__Problem description__
Go through the data below and gather each line containing "mentioned".

Listed records Block Start

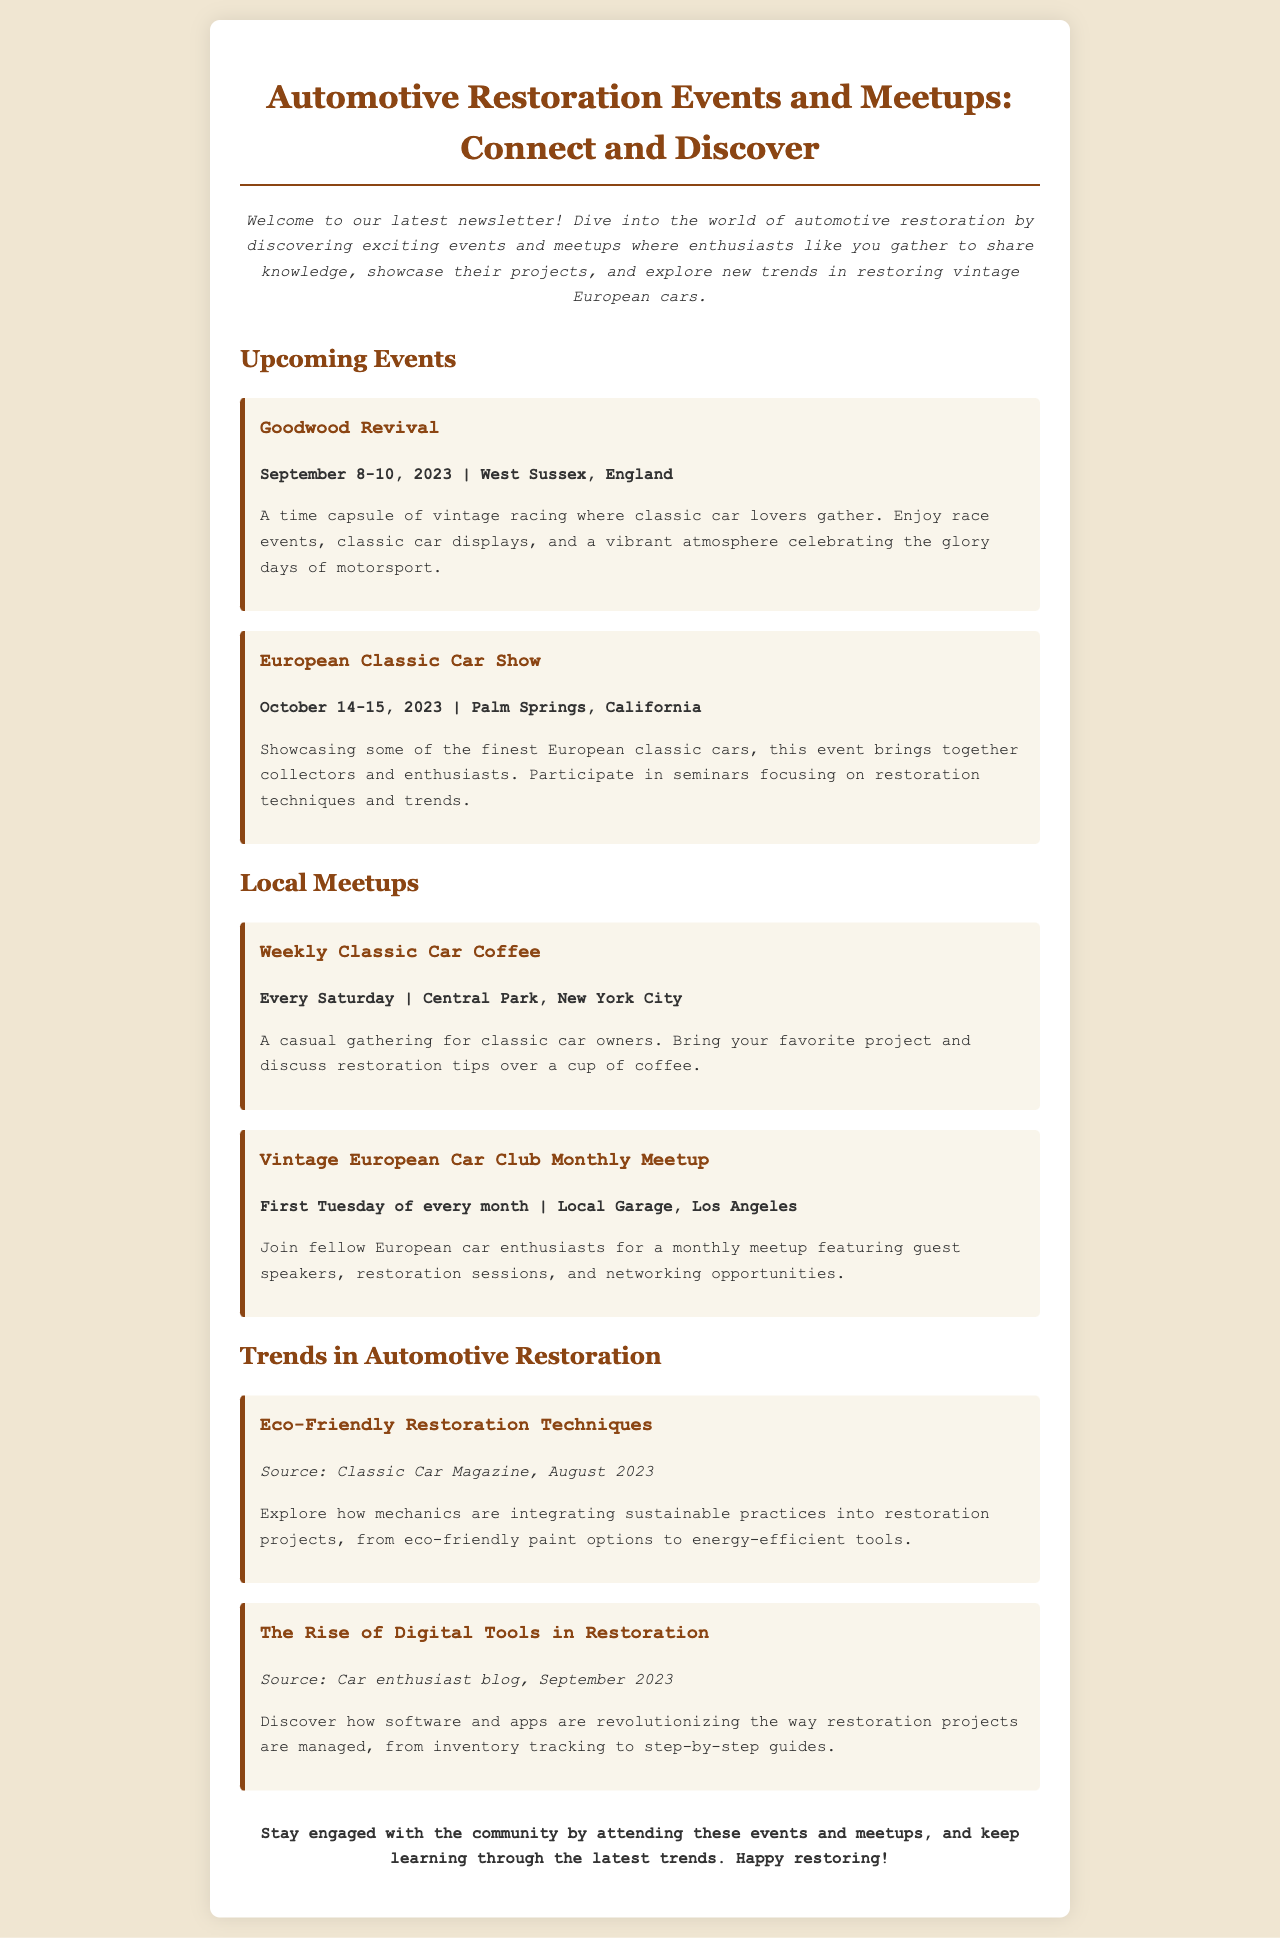What is the title of the newsletter? The title introduces the main theme and content of the newsletter, which focuses on automotive restoration events and meetups.
Answer: Automotive Restoration Events and Meetups: Connect and Discover When is the European Classic Car Show happening? The date of the event is provided in the event details, specifying when it will take place.
Answer: October 14-15, 2023 Where is the Goodwood Revival held? The location of the event is mentioned alongside its date, indicating where participants can attend.
Answer: West Sussex, England What is a feature of the Vintage European Car Club Monthly Meetup? The meetup includes specific activities that aim to foster community and learning among members.
Answer: Guest speakers What sustainable practice is mentioned in the trends section? The document lists specific techniques that mechanics are adopting to enhance eco-friendliness in their restoration work.
Answer: Eco-friendly paint options What day does the Weekly Classic Car Coffee occur? The document specifies the weekly schedule for this casual gathering, identifying when classic car owners can meet.
Answer: Every Saturday How often does the Vintage European Car Club hold meetings? The frequency of this particular meetup is outlined in the document to give readers a sense of participation opportunities.
Answer: Monthly Which magazine is cited for eco-friendly restoration techniques? An authoritative source is provided for the specific information on sustainable practices in automotive restoration.
Answer: Classic Car Magazine What type of tools is highlighted in the trend for restoration? The document discusses innovative tools that are changing the restoration landscape, emphasizing technological advancements.
Answer: Digital tools

Listed records Block End

__Your response__
Answer: October 14-15, 2023 Where is the Goodwood Revival held? The location of the event is mentioned alongside its date, indicating where participants can attend.
Answer: Guest speakers What sustainable practice is mentioned in the trends section? The document lists specific techniques that mechanics are adopting to enhance eco-friendliness in their restoration work.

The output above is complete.